Natural or natural-like wetlands accomodate amazingly diverse wildlife. The more complex the vegetation is, the more colorful fauna live there. Due to the climate-change and direct human interventions, these wetlands are dissapearing at an unprecedented pace. Therefore, not only we aim to preserve remaining ones, but also rehabilitate and revitalize as many of former wetlands as possible.
Reedbeds

The significance of reedbeds is partly coming from their main ecological roles: water-purification and stabilization of environmental conditions, such as water quality and microclimate. Besides, reedbeds have a highly specialized fauna which live a fairly secret life. The loss of reedbeds is a global challenge and it is one of our main tasks to preserve and assist remaining ones.

Decaying wood

Decaying wood creates its own microcosmos hiding great numbers of tiny habitats. The residents of these microhabitats build up perhaps the most complicated and not fully explored web on Earth. A forest can remain fit and sustaining if nurished by huge quantities of decaying wood of different species and stages. The more dead trees are in a forest, the more complicated its wildlife will become.

Grasslands

Undisturbed, closed, relict-like grasslands have been vanishing. Besides their extreme capacity of CO2 capture and storage these habitats are of the few citadels of biodiversity. And what is more, several ecologically key species (typically raptors) are dependent on them.

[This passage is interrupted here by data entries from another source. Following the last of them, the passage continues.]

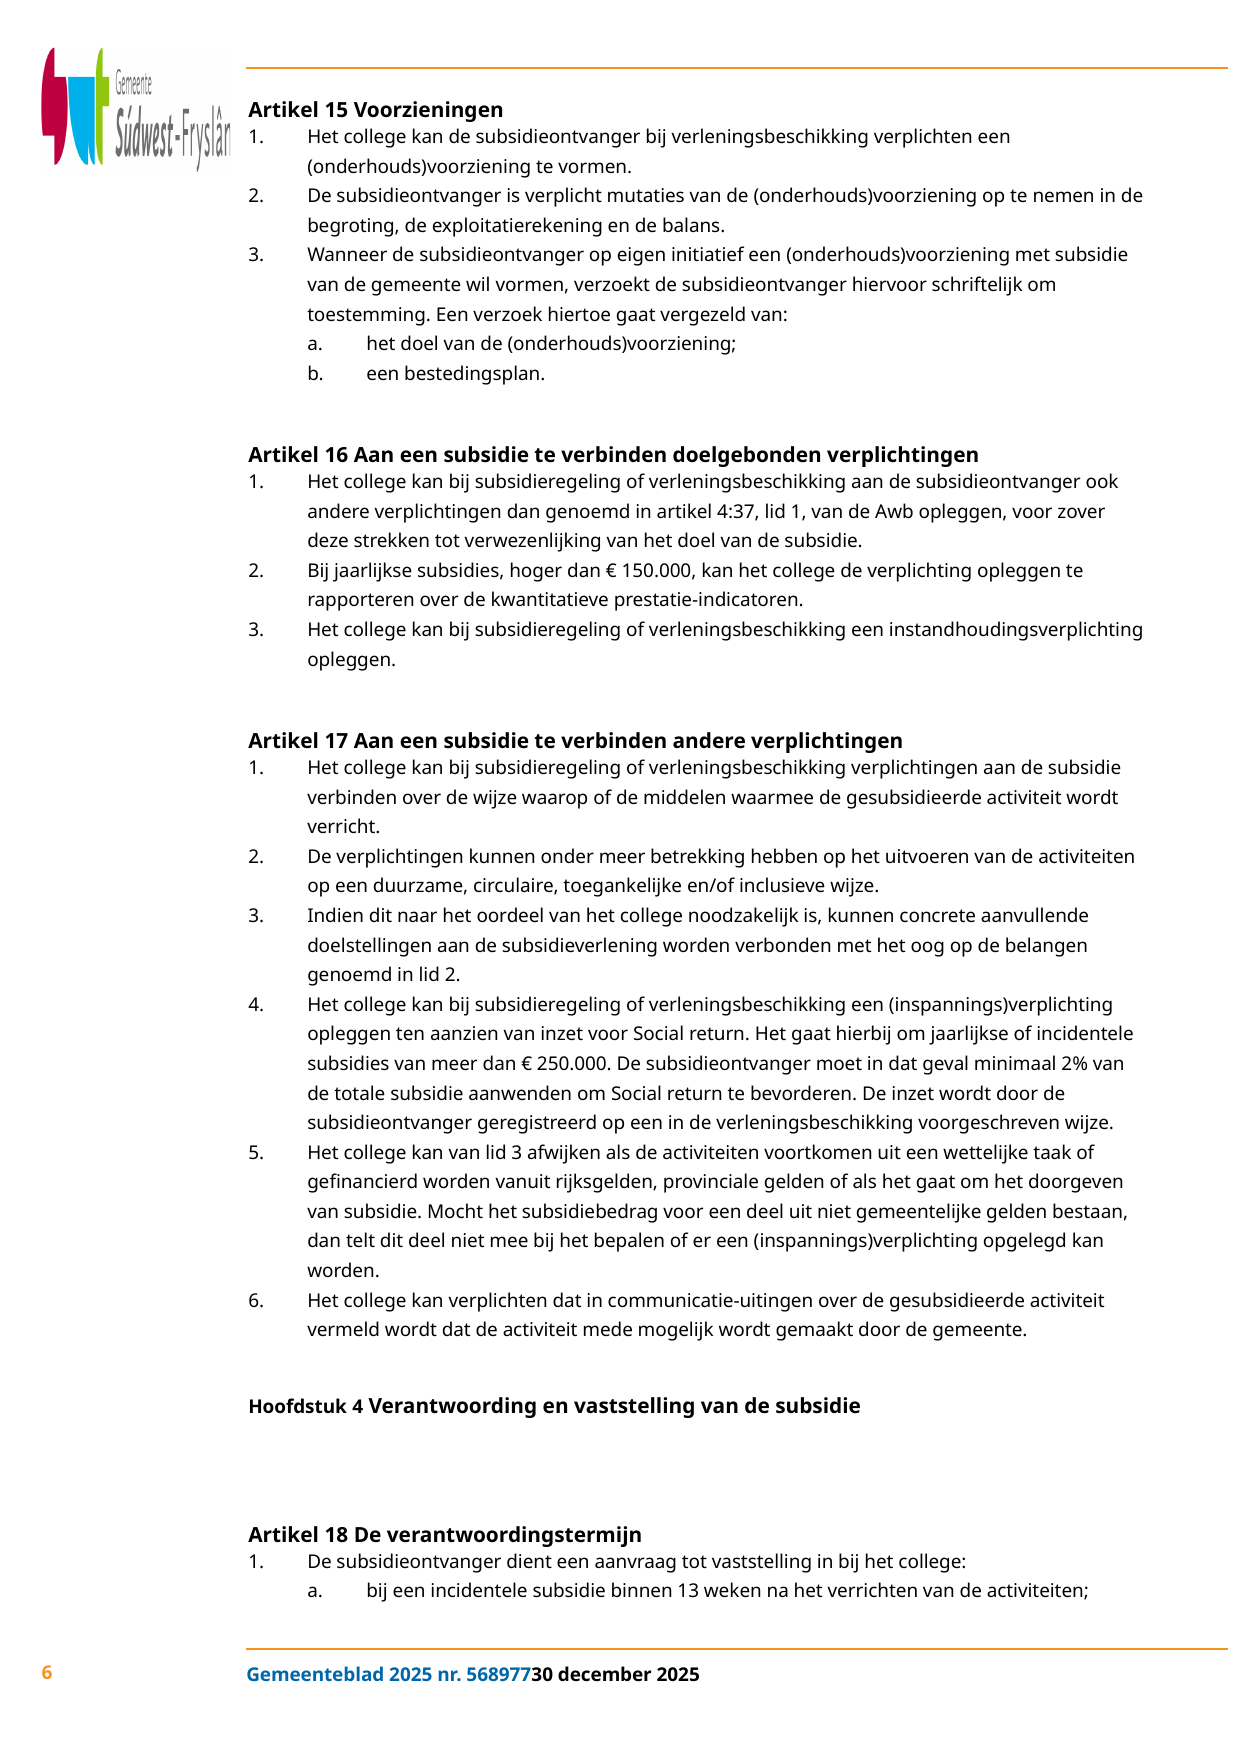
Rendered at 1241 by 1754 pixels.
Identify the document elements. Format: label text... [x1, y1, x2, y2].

list De subsidieontvanger dient een aanvraag tot vaststelling in bij het college: [248, 1548, 1152, 1574]
text Artikel 15 Voorzieningen [248, 95, 1152, 123]
list Wanneer de subsidieontvanger op eigen initiatief een (onderhouds)voorziening met subsidie van de gemeente wil vormen, verzoekt de subsidieontvanger hiervoor schriftelijk om toestemming. Een verzoek hiertoe gaat vergezeld van: [248, 242, 1152, 326]
list een bestedingsplan. [307, 360, 1152, 386]
picture [41, 47, 231, 172]
list Het college kan bij subsidieregeling of verleningsbeschikking aan de subsidieontvanger ook andere verplichtingen dan genoemd in artikel 4:37, lid 1, van de Awb opleggen, voor zover deze strekken tot verwezenlijking van het doel van de subsidie. [248, 468, 1152, 553]
list Het college kan bij subsidieregeling of verleningsbeschikking een instandhoudingsverplichting opleggen. [248, 616, 1152, 672]
list Het college kan van lid 3 afwijken als de activiteiten voortkomen uit een wettelijke taak of gefinancierd worden vanuit rijksgelden, provinciale gelden of als het gaat om het doorgeven van subsidie. Mocht het subsidiebedrag voor een deel uit niet gemeentelijke gelden bestaan, dan telt dit deel niet mee bij het bepalen of er een (inspannings)verplichting opgelegd kan worden. [248, 1139, 1152, 1283]
text Artikel 17 Aan een subsidie te verbinden andere verplichtingen [248, 726, 1152, 754]
text Hoofdstuk 4 Verantwoording en vaststelling van de subsidie [248, 1392, 1152, 1420]
list Het college kan bij subsidieregeling of verleningsbeschikking een (inspannings)verplichting opleggen ten aanzien van inzet voor Social return. Het gaat hierbij om jaarlijkse of incidentele subsidies van meer dan € 250.000. De subsidieontvanger moet in dat geval minimaal 2% van de totale subsidie aanwenden om Social return te bevorderen. De inzet wordt door de subsidieontvanger geregistreerd op een in de verleningsbeschikking voorgeschreven wijze. [248, 991, 1152, 1135]
list Indien dit naar het oordeel van het college noodzakelijk is, kunnen concrete aanvullende doelstellingen aan de subsidieverlening worden verbonden met het oog op de belangen genoemd in lid 2. [248, 902, 1152, 987]
list Bij jaarlijkse subsidies, hoger dan € 150.000, kan het college de verplichting opleggen te rapporteren over de kwantitatieve prestatie-indicatoren. [248, 557, 1152, 612]
list Het college kan verplichten dat in communicatie-uitingen over de gesubsidieerde activiteit vermeld wordt dat de activiteit mede mogelijk wordt gemaakt door de gemeente. [248, 1287, 1152, 1342]
list De verplichtingen kunnen onder meer betrekking hebben op het uitvoeren van de activiteiten op een duurzame, circulaire, toegankelijke en/of inclusieve wijze. [248, 843, 1152, 898]
list Het college kan bij subsidieregeling of verleningsbeschikking verplichtingen aan de subsidie verbinden over de wijze waarop of de middelen waarmee de gesubsidieerde activiteit wordt verricht. [248, 754, 1152, 839]
text Artikel 18 De verantwoordingstermijn [248, 1520, 1152, 1548]
list De subsidieontvanger is verplicht mutaties van de (onderhouds)voorziening op te nemen in de begroting, de exploitatierekening en de balans. [248, 182, 1152, 238]
list het doel van de (onderhouds)voorziening; [307, 330, 1152, 356]
list Het college kan de subsidieontvanger bij verleningsbeschikking verplichten een (onderhouds)voorziening te vormen. [248, 123, 1152, 178]
text Artikel 16 Aan een subsidie te verbinden doelgebonden verplichtingen [248, 440, 1152, 468]
list bij een incidentele subsidie binnen 13 weken na het verrichten van de activiteiten; [307, 1578, 1152, 1603]
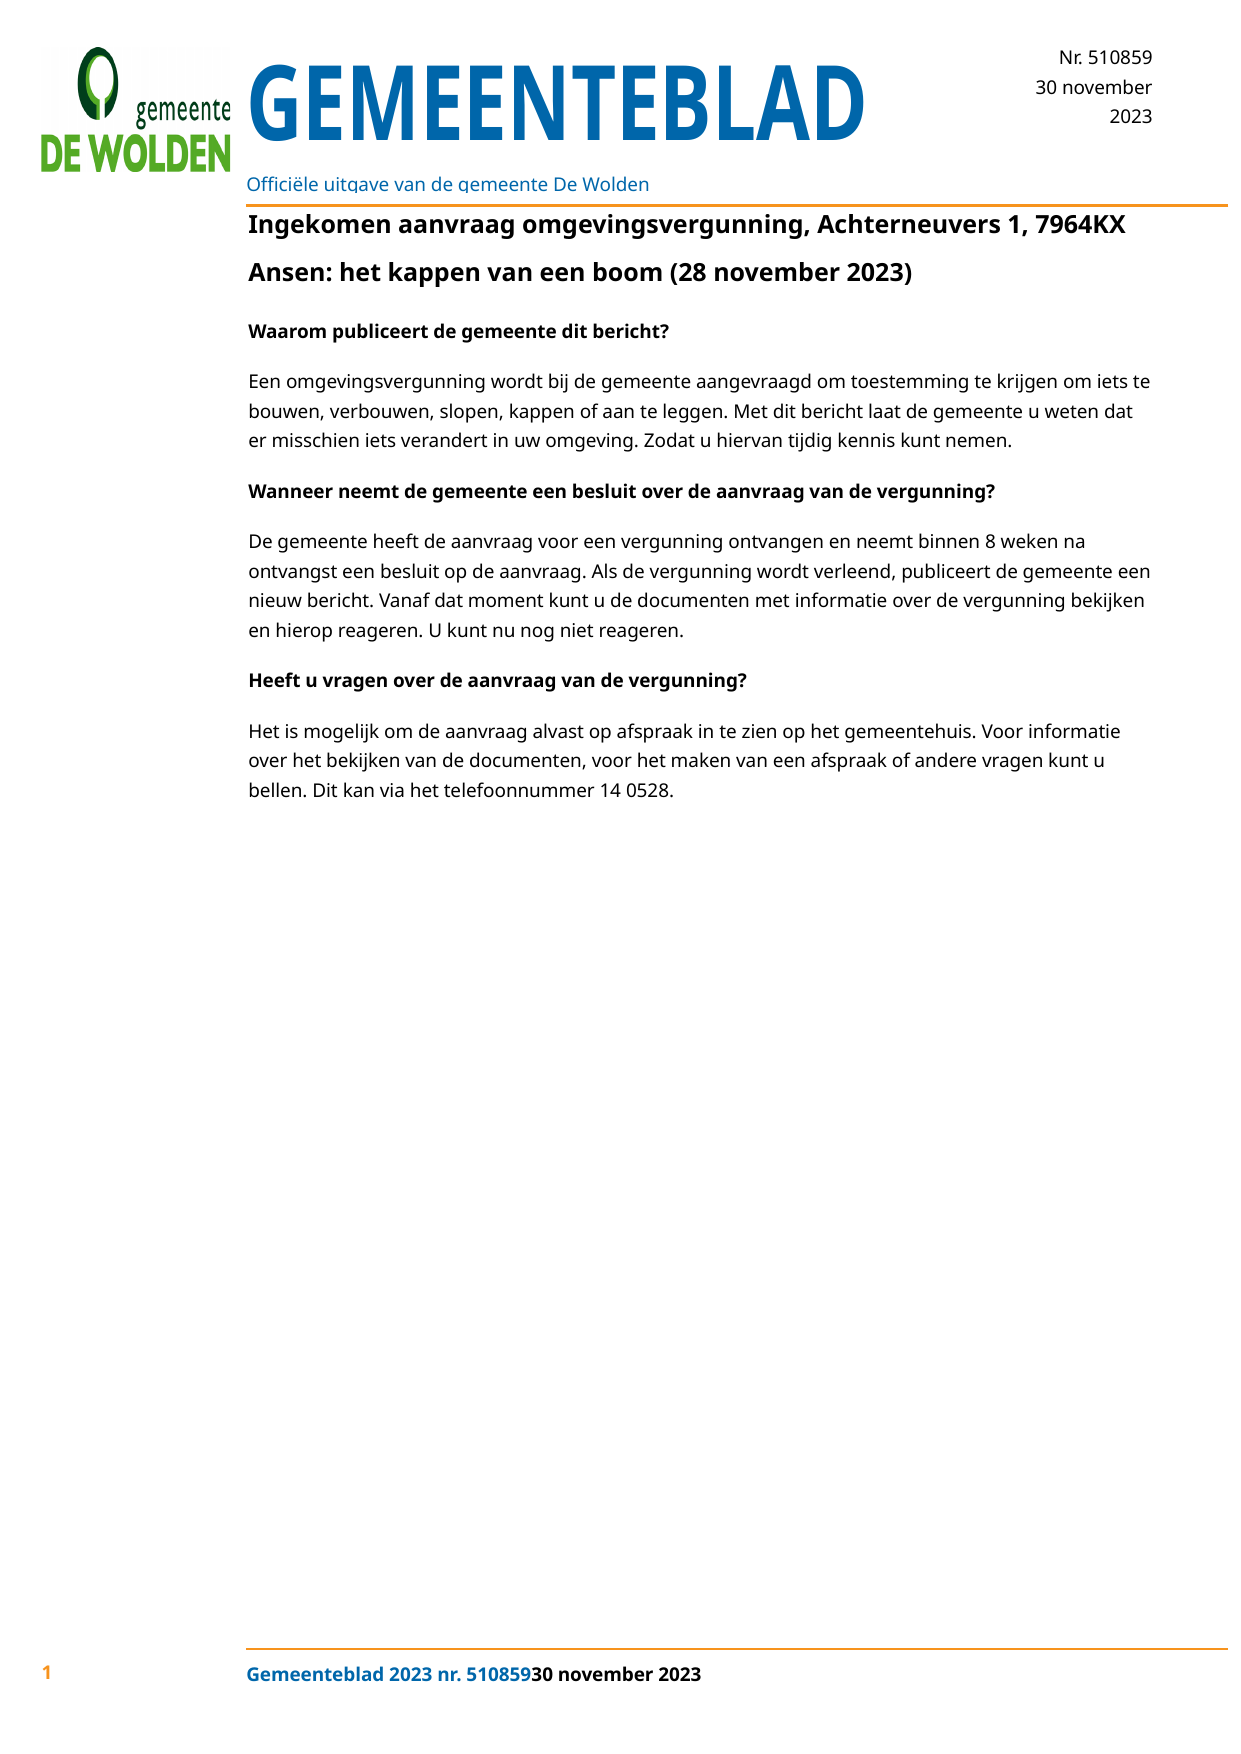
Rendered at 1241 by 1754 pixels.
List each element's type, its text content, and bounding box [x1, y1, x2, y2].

text Heeft u vragen over de aanvraag van de vergunning? [248, 667, 1152, 693]
picture [41, 47, 231, 172]
text Het is mogelijk om de aanvraag alvast op afspraak in te zien op het gemeentehuis. Voor informatie over het bekijken van de documenten, voor het maken van een afspraak of andere vragen kunt u bellen. Dit kan via het telefoonnummer 14 0528. [248, 718, 1152, 803]
text De gemeente heeft de aanvraag voor een vergunning ontvangen en neemt binnen 8 weken na ontvangst een besluit op de aanvraag. Als de vergunning wordt verleend, publiceert de gemeente een nieuw bericht. Vanaf dat moment kunt u de documenten met informatie over de vergunning bekijken en hierop reageren. U kunt nu nog niet reageren. [248, 528, 1152, 643]
text Wanneer neemt de gemeente een besluit over de aanvraag van de vergunning? [248, 478, 1152, 504]
text Waarom publiceert de gemeente dit bericht? [248, 318, 1152, 344]
text Ingekomen aanvraag omgevingsvergunning, Achterneuvers 1, 7964KX Ansen: het kappen van een boom (28 november 2023) [248, 207, 1152, 288]
text Een omgevingsvergunning wordt bij de gemeente aangevraagd om toestemming te krijgen om iets te bouwen, verbouwen, slopen, kappen of aan te leggen. Met dit bericht laat de gemeente u weten dat er misschien iets verandert in uw omgeving. Zodat u hiervan tijdig kennis kunt nemen. [248, 368, 1152, 453]

Restoration of several million year-old grasslands is a demanding, bit-by-bit process with pointed, carefully planned interventions.

Backwaters

Mires are probably the most diverse habitats of wetlands. Their wildlife is organized in a complex network and is likely to shelter true curiosities for those interested in non-biting midges, dragonflies and zooplankton. Backwaters are dynamical and show natural tendency to sedimentation. At the same time no new ones emerge along regulated rivers, therefore we have to preserve and rehabilitate what remained.

Gallery forests

Free-flowing rivers were once bended by widespread gallery forests. Those periodically flooded, inpenetrable jungles accomodated thriving wildlife. Nowadays, we have difficulties in spotting their remnants as the majority of these forests have been reduced to one single tree-line in order to gain agricultural land. Their essential ecological roles however call for restoration and rewilding.

Farms

A handful of diverse livestock along with mosaic-like vegetation can make farms ecological hotspots: buffer-zones, ponds, streams, well-planned fertilization, composting, mulching, careful and chemical-free management of soils are the keys for developping an ecology-orientated, self-sustainable and gripping farmland, providing a multitude of good-quality habitats.